Rain Rain Go Away 5-1-12
Wow did it rain today.
It rained from the sky and it rained tears too. Both Scott and I had cry sessions. I don’t know why they just happen and
why they come at certain times but they do. I just have to get use to it.
I met with a lady this morning and I shared with her about
Kathryn because we were discussing weight. I have put on a few pounds. The stress has added onto my girly figure a few extra curves
that don’t belong on my body. She
shared that she lost a good friend in her mid thirties to cervical cancer. Her friend passed away in March. She drove all the way to Squiem every
weekend for many weeks to visit her friend. That’s a commitment.
Her friend went one year without a pap and this is what happened. The darn cancer just snuck in and took
her life that quickly. It is a
lesson to learn. Don’t let your
check ups go. So she and I shared
a box of kleenex.
After that I went to see my friend Robyn. I promised I would work on painting her
bedroom for her. And now is a
great time since it is raining and raining. I took a look at what was in store for me. I think I can do the whole thing in one
day. Hopefully I can do it in one
day. If not two days. So, tomorrow I will get there at 9 am
and get started. My Mom is next on
my list. I will be helping her
repair some scraps and bangs from my Dad’s wheel chair and then paint. That will be a couple of days.

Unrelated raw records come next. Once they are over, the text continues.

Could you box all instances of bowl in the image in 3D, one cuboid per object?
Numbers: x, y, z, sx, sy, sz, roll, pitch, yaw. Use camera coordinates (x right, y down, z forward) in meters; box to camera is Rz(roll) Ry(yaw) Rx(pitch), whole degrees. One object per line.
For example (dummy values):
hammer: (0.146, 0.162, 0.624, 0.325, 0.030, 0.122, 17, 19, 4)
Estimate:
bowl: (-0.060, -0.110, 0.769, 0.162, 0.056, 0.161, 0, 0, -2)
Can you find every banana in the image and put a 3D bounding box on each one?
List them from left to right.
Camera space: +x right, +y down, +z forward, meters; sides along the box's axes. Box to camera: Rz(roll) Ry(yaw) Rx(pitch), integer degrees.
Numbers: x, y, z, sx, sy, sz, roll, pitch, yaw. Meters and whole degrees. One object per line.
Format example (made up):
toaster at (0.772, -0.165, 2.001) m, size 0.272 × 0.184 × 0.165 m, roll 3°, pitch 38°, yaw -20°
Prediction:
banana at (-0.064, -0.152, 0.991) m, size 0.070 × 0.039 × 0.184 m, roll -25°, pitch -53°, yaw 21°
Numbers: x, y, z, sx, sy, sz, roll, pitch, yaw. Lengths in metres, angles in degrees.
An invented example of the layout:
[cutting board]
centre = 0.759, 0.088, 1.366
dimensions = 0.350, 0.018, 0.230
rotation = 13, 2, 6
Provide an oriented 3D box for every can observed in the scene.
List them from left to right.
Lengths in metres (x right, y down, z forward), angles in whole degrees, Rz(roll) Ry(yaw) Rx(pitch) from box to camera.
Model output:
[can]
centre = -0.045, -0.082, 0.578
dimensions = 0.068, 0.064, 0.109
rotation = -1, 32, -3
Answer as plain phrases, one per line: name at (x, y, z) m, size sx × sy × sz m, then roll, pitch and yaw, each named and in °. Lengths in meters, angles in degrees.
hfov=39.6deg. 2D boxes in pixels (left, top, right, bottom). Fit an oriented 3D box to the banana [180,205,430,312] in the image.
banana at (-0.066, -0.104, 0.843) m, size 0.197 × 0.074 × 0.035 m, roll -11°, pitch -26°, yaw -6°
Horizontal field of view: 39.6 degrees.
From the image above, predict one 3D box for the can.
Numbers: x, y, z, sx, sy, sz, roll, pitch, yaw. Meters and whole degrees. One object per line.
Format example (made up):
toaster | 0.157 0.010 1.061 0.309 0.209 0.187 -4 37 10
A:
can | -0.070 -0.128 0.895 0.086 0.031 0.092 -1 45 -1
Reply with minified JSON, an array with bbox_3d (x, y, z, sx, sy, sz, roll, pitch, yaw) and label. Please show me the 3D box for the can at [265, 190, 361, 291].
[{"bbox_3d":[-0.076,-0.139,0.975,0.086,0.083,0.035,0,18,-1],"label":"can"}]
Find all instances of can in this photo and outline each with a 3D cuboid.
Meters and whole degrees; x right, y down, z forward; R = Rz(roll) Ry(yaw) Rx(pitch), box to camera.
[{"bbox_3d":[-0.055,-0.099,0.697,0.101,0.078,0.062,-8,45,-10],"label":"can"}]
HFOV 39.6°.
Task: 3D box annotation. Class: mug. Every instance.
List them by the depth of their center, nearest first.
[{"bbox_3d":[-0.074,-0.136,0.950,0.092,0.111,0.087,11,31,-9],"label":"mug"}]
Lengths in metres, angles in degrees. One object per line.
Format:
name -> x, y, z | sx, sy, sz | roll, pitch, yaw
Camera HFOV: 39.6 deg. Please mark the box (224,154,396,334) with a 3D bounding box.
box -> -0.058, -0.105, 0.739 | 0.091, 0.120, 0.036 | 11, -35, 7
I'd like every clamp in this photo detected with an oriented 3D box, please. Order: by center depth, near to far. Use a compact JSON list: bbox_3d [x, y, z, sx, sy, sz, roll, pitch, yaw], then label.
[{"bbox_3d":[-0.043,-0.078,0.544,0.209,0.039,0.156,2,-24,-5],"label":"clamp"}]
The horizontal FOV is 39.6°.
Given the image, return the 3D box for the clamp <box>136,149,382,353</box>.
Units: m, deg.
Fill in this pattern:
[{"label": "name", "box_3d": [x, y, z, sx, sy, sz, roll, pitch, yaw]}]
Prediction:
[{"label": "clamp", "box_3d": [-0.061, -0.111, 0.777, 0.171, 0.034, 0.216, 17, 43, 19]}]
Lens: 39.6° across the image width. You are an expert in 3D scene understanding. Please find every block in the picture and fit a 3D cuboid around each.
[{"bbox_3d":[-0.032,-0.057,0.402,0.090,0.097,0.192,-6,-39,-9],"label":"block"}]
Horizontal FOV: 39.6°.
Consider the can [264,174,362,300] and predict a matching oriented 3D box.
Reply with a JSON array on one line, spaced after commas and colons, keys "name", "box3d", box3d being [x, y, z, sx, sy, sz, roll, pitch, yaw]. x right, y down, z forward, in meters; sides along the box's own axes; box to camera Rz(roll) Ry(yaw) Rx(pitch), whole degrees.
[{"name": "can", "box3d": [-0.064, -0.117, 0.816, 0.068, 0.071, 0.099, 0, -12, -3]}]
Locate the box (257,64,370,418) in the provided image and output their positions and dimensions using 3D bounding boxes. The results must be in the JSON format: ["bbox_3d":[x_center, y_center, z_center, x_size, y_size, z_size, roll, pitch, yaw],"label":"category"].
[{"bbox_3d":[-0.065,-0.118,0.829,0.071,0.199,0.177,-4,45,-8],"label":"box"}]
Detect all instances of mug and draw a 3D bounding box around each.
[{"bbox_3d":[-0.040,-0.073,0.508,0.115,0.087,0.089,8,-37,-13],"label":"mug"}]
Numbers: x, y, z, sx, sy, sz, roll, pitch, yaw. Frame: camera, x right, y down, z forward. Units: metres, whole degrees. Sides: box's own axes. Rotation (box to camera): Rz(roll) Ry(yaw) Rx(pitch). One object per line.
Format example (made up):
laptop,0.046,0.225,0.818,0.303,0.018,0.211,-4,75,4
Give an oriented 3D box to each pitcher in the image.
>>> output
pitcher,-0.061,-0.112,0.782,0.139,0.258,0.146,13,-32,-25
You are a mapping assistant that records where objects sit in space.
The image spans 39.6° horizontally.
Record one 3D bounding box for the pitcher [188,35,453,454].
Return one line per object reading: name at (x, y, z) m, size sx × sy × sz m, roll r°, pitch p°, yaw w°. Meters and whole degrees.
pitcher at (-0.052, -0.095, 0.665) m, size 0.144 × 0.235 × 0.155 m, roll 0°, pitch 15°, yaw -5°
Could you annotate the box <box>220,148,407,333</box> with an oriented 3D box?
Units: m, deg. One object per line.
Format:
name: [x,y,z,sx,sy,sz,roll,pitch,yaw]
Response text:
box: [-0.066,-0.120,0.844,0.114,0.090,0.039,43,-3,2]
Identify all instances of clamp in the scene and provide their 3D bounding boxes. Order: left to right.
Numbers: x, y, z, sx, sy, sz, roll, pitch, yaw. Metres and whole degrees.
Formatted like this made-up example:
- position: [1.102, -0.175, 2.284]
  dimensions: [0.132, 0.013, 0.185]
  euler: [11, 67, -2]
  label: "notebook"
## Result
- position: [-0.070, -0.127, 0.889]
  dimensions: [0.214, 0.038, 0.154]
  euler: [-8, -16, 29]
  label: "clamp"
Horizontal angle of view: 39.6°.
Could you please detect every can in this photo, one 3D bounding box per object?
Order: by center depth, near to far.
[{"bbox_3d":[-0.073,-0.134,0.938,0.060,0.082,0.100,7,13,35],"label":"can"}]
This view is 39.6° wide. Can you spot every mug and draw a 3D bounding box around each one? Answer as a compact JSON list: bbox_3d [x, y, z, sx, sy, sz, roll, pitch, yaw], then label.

We also went to visit Robyn’s Aunt who is in the hospital
with an abscess on her bowel. I
felt so bad for her. I’m glad we
went to visit and on the way out I asked about what they had her on. Just checking to make sure they had her
on pain and antinausea meds. They
did. She really needed rest so we
didn’t stay long.
I have also been thinking about the WWU Relay for Life. I have been asked to be the speaker at
it. I have been really thinking a
lot about what I should say.
There’s so much to say but I don’t want to bore anyone. What point or points should I
make? Of course I will speak about
Kathryn but to what extent? There
are good things to mention and of course the fact that Cancer Sucks and it took
her life. We have a long way to go
still. We need to save people
without giving them things that create more cancer. This is too common and it has been just accepted as
something that happens. Usually
the secondary cancer is deadly from what I have seen. Some survive but not enough. I have a lot to think about before the relay.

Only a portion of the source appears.